##### DATA SHOWN #####
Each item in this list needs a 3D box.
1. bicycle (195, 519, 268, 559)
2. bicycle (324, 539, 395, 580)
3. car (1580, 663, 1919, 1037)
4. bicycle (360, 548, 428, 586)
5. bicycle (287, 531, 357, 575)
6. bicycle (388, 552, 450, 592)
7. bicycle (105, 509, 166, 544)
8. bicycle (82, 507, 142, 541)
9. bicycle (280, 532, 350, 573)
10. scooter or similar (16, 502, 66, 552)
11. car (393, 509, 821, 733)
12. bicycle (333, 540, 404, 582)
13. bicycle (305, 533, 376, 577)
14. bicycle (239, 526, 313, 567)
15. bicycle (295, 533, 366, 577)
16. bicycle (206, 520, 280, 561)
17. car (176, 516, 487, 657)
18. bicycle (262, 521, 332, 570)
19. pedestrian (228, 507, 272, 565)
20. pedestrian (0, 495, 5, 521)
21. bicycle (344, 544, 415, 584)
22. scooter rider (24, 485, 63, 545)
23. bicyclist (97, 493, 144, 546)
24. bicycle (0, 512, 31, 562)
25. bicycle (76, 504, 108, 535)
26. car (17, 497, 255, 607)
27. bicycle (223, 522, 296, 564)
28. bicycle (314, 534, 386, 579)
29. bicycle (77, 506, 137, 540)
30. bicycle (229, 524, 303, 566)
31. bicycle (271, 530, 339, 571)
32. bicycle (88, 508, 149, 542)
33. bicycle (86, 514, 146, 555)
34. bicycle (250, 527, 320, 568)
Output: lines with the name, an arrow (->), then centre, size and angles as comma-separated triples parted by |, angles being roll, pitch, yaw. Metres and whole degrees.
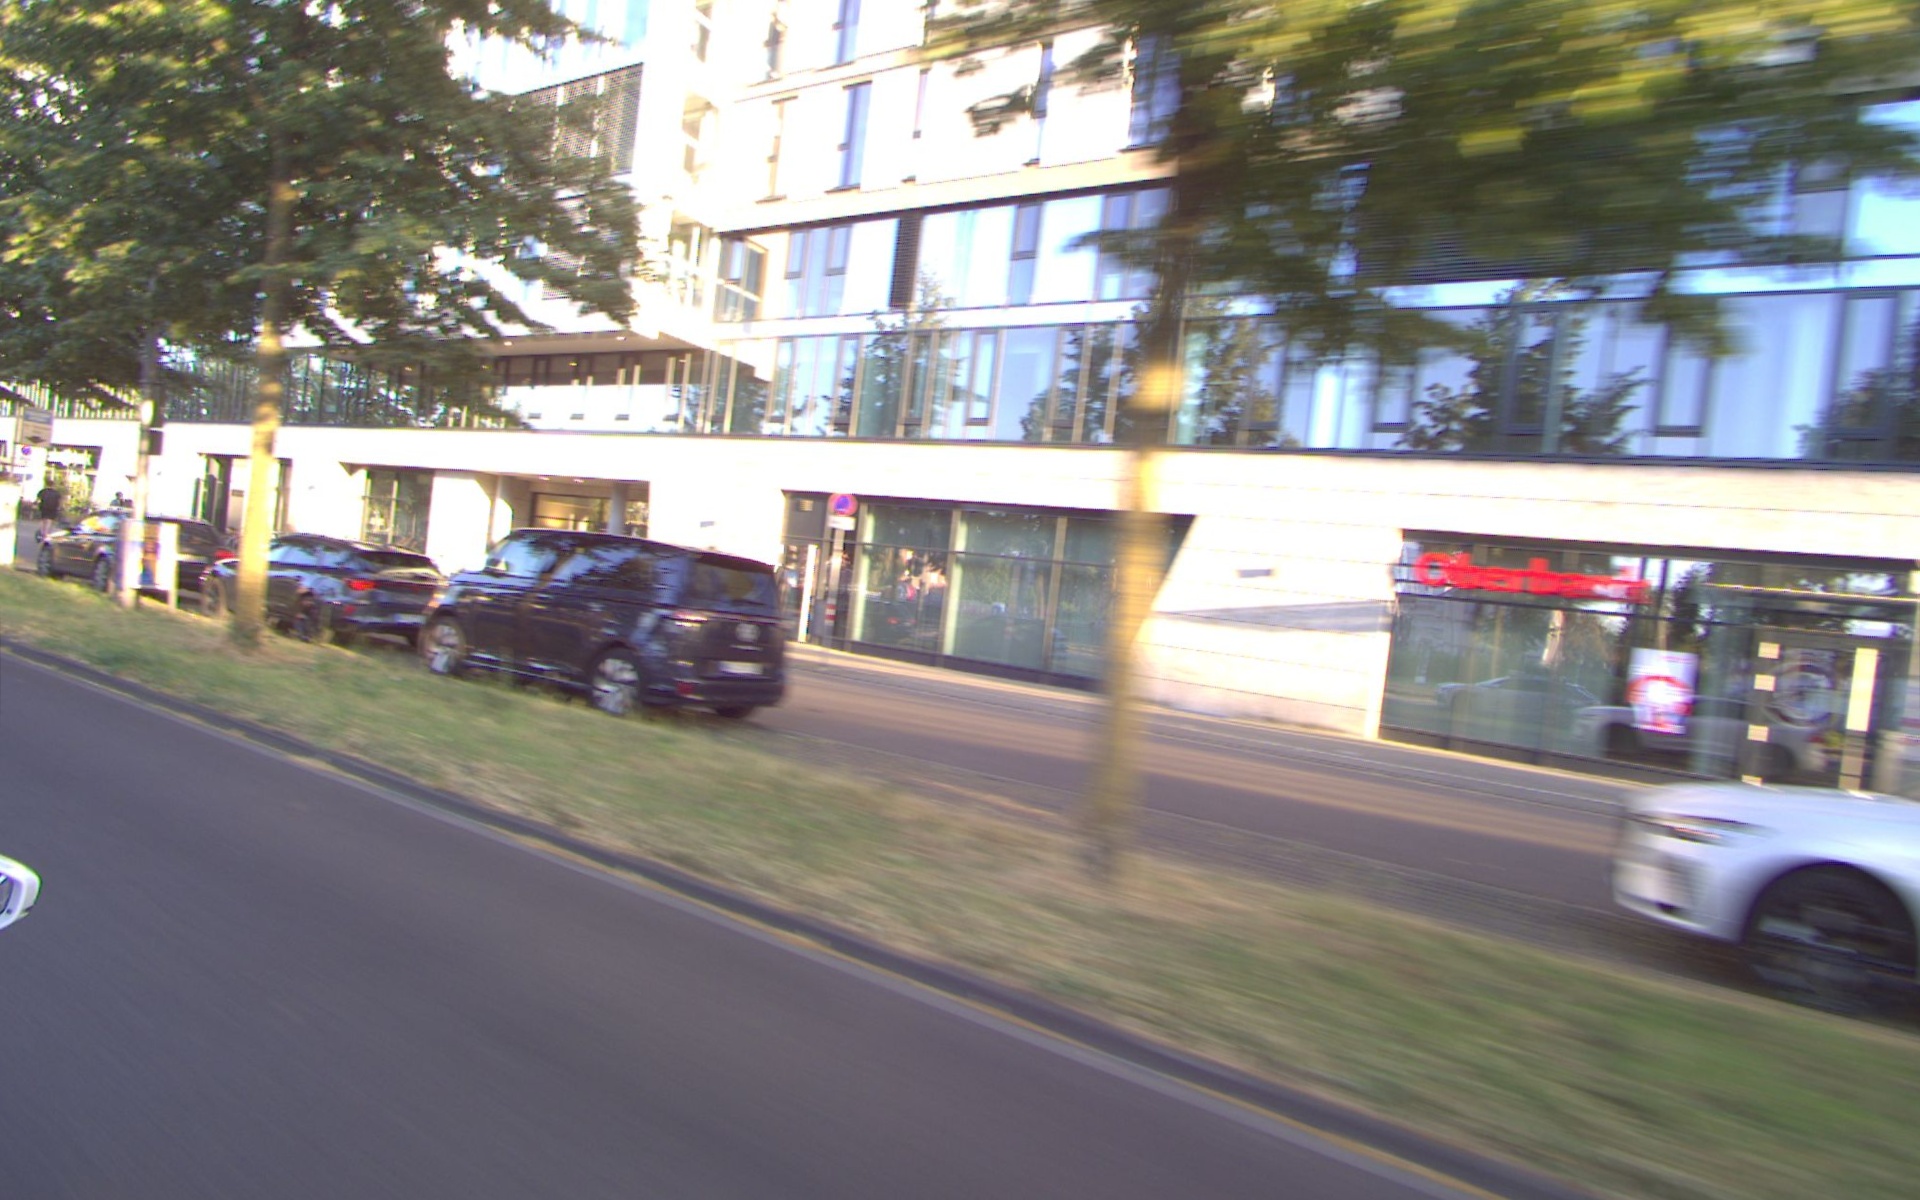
bicycle -> -25.520, -2.120, 35.286 | 0.494, 1.156, 1.986 | 7, 0, 28
bicycle -> -18.817, -1.248, 31.556 | 0.438, 1.060, 1.833 | 7, 0, 32
car -> 6.144, 1.487, 5.245 | 4.798, 1.663, 1.995 | 7, 0, 32
bicycle -> -17.229, -1.003, 30.650 | 0.397, 0.964, 1.746 | 7, 0, 32
bicycle -> -20.663, -1.506, 32.619 | 0.494, 1.191, 1.834 | 7, 0, 28
bicycle -> -16.160, -0.830, 30.070 | 0.397, 0.999, 1.577 | 7, 0, 32
bicycle -> -33.251, -2.956, 40.594 | 0.499, 1.118, 1.788 | 7, 0, 27
bicycle -> -35.048, -3.129, 41.597 | 0.499, 1.118, 1.788 | 7, 0, 27
bicycle -> -21.145, -1.536, 33.001 | 0.494, 1.126, 1.834 | 7, 0, 28
scooter or similar -> -27.506, -2.200, 30.101 | 1.635, 1.327, 0.526 | 7, 1, 29
car -> -4.119, 0.164, 11.573 | 4.586, 1.875, 1.997 | 7, 0, 30
bicycle -> -18.399, -1.197, 31.326 | 0.397, 1.070, 1.833 | 7, 0, 32
bicycle -> -19.698, -1.422, 32.016 | 0.438, 1.191, 1.833 | 7, 0, 32
bicycle -> -23.091, -1.789, 33.984 | 0.494, 1.113, 1.986 | 7, 0, 28
bicycle -> -20.192, -1.421, 32.309 | 0.494, 1.191, 1.834 | 7, 0, 28
bicycle -> -24.884, -2.047, 34.960 | 0.494, 1.182, 1.986 | 7, 0, 28
car -> -9.259, -0.222, 14.738 | 4.586, 1.490, 1.812 | 7, 0, 30
bicycle -> -22.003, -1.794, 33.417 | 0.494, 1.373, 1.834 | 7, 0, 28
pedestrian -> -22.085, -1.990, 31.290 | 0.937, 1.669, 0.643 | 7, 1, 31
pedestrian -> -45.705, -4.402, 47.569 | 0.793, 1.210, 0.572 | 7, 1, 34
bicycle -> -17.828, -1.088, 30.924 | 0.397, 0.999, 1.833 | 7, 0, 32
scooter rider -> -27.368, -2.542, 30.039 | 0.818, 1.659, 0.526 | 7, 1, 29
bicyclist -> -27.272, -2.611, 32.673 | 0.975, 1.586, 0.773 | 7, 1, 29
bicycle -> -22.269, -1.552, 22.556 | 0.536, 1.065, 1.948 | 7, -4, 31
bicycle -> -38.360, -3.554, 44.470 | 2.227, 1.223, 0.469 | 7, 1, 35
car -> -14.663, -0.877, 17.837 | 4.570, 1.429, 1.871 | 7, 0, 32
bicycle -> -24.117, -1.947, 34.673 | 0.494, 1.197, 1.986 | 7, 0, 28
bicycle -> -19.255, -1.362, 31.789 | 0.438, 1.191, 1.833 | 7, 0, 32
bicycle -> -35.506, -3.190, 41.889 | 0.499, 1.118, 1.788 | 7, 0, 27
bicycle -> -23.649, -1.859, 34.330 | 0.494, 1.155, 1.986 | 7, 0, 28
bicycle -> -21.587, -1.613, 33.183 | 0.366, 1.138, 1.834 | 7, 0, 28
bicycle -> -34.397, -3.043, 41.147 | 0.499, 1.118, 1.788 | 7, 0, 27
bicycle -> -27.478, -2.142, 32.756 | 2.028, 1.093, 0.773 | 7, 1, 29
bicycle -> -22.533, -1.725, 33.608 | 0.494, 1.135, 1.834 | 7, 0, 28
#####
** INSTRUCTIONS FOR THE TASK **
One stretch of the lines above is wanted, from the line that contains "26. car (17, 497, 255, 607)" through the line that contains "34. bicycle (250, 527, 320, 568)". Output it exactly.

** WRITTEN RESPONSE **
26. car (17, 497, 255, 607)
27. bicycle (223, 522, 296, 564)
28. bicycle (314, 534, 386, 579)
29. bicycle (77, 506, 137, 540)
30. bicycle (229, 524, 303, 566)
31. bicycle (271, 530, 339, 571)
32. bicycle (88, 508, 149, 542)
33. bicycle (86, 514, 146, 555)
34. bicycle (250, 527, 320, 568)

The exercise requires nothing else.